■ **WHAT YOU ARE ASKED TO DO**
With pictures left out, copy exactly every line from the one containing "Answer: None" through the end of the material.
··· DATA FOR REVIEW ···
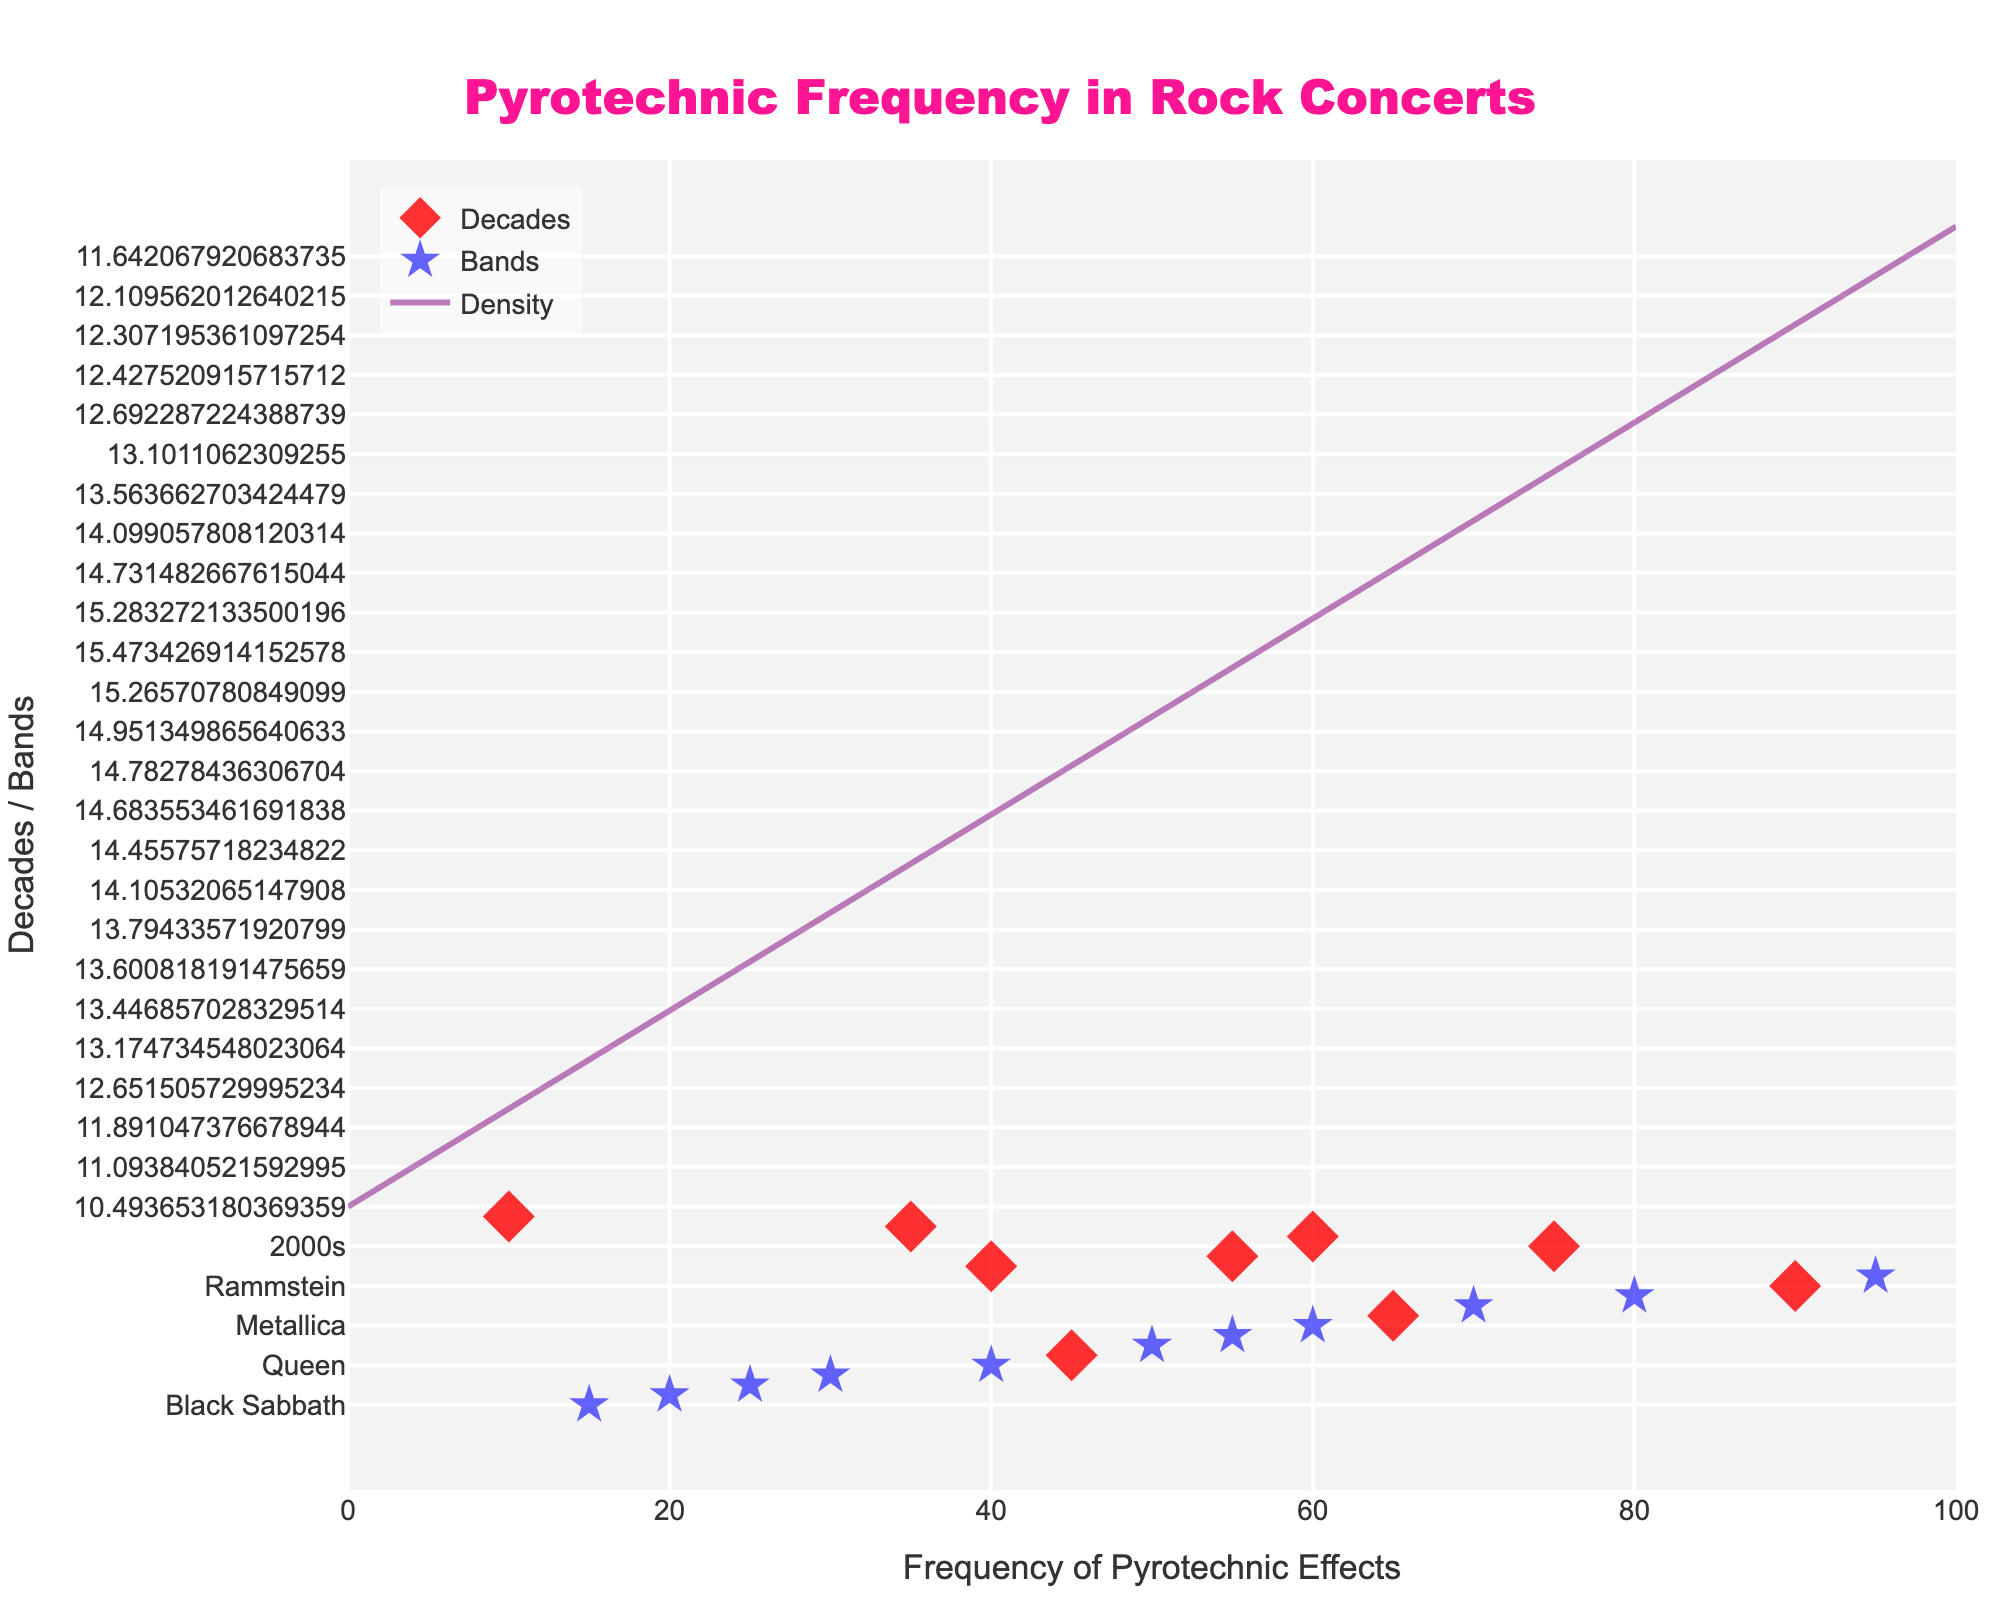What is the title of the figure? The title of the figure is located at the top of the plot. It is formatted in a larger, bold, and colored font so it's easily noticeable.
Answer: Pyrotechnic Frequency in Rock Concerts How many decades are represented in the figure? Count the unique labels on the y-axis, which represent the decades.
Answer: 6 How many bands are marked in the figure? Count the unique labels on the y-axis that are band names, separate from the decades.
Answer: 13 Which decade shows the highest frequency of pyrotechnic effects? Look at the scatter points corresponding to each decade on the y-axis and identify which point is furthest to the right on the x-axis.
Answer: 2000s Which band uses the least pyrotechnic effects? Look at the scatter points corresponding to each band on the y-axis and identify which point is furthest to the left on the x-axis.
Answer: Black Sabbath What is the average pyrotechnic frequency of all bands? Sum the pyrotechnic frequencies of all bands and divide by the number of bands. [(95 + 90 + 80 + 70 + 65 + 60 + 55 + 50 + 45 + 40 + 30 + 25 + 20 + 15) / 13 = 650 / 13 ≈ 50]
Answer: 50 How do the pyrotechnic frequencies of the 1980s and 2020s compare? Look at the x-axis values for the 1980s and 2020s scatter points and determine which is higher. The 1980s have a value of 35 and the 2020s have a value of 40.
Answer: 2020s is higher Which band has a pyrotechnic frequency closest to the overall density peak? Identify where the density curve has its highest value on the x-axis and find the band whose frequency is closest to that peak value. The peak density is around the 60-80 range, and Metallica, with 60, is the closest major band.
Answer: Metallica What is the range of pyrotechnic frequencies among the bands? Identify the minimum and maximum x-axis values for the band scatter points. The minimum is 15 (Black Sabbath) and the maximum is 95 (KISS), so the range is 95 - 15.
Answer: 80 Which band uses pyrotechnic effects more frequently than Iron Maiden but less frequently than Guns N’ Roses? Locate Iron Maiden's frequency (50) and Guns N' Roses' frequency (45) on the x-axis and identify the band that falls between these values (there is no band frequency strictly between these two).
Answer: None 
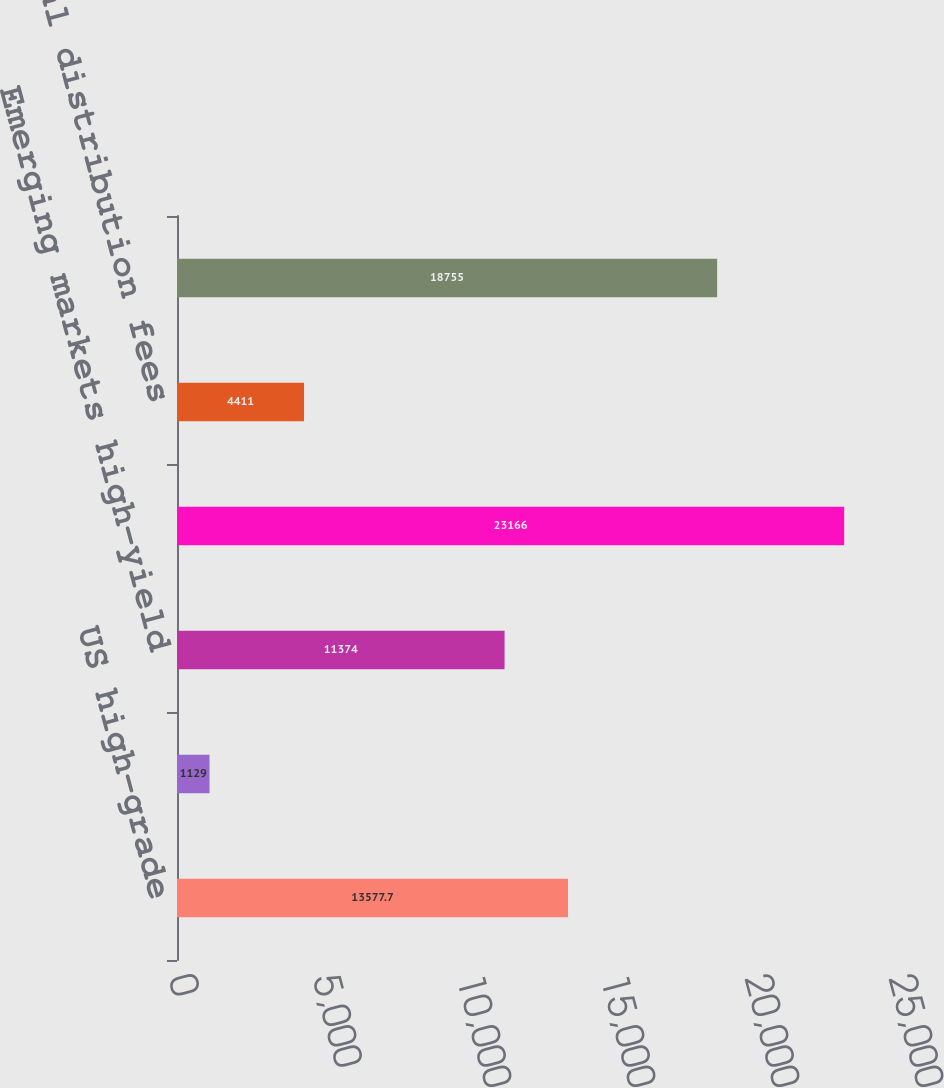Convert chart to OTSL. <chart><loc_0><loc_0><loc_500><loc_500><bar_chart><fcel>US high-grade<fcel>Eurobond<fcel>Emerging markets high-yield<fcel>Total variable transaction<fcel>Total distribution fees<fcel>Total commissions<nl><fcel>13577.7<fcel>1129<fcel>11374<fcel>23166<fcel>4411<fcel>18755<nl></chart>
···
■ **RESPONSE TO THIS TASK**
Answer: None 
Convert chart to OTSL. <chart><loc_0><loc_0><loc_500><loc_500><bar_chart><fcel>US high-grade<fcel>Eurobond<fcel>Emerging markets high-yield<fcel>Total variable transaction<fcel>Total distribution fees<fcel>Total commissions<nl><fcel>13577.7<fcel>1129<fcel>11374<fcel>23166<fcel>4411<fcel>18755<nl></chart>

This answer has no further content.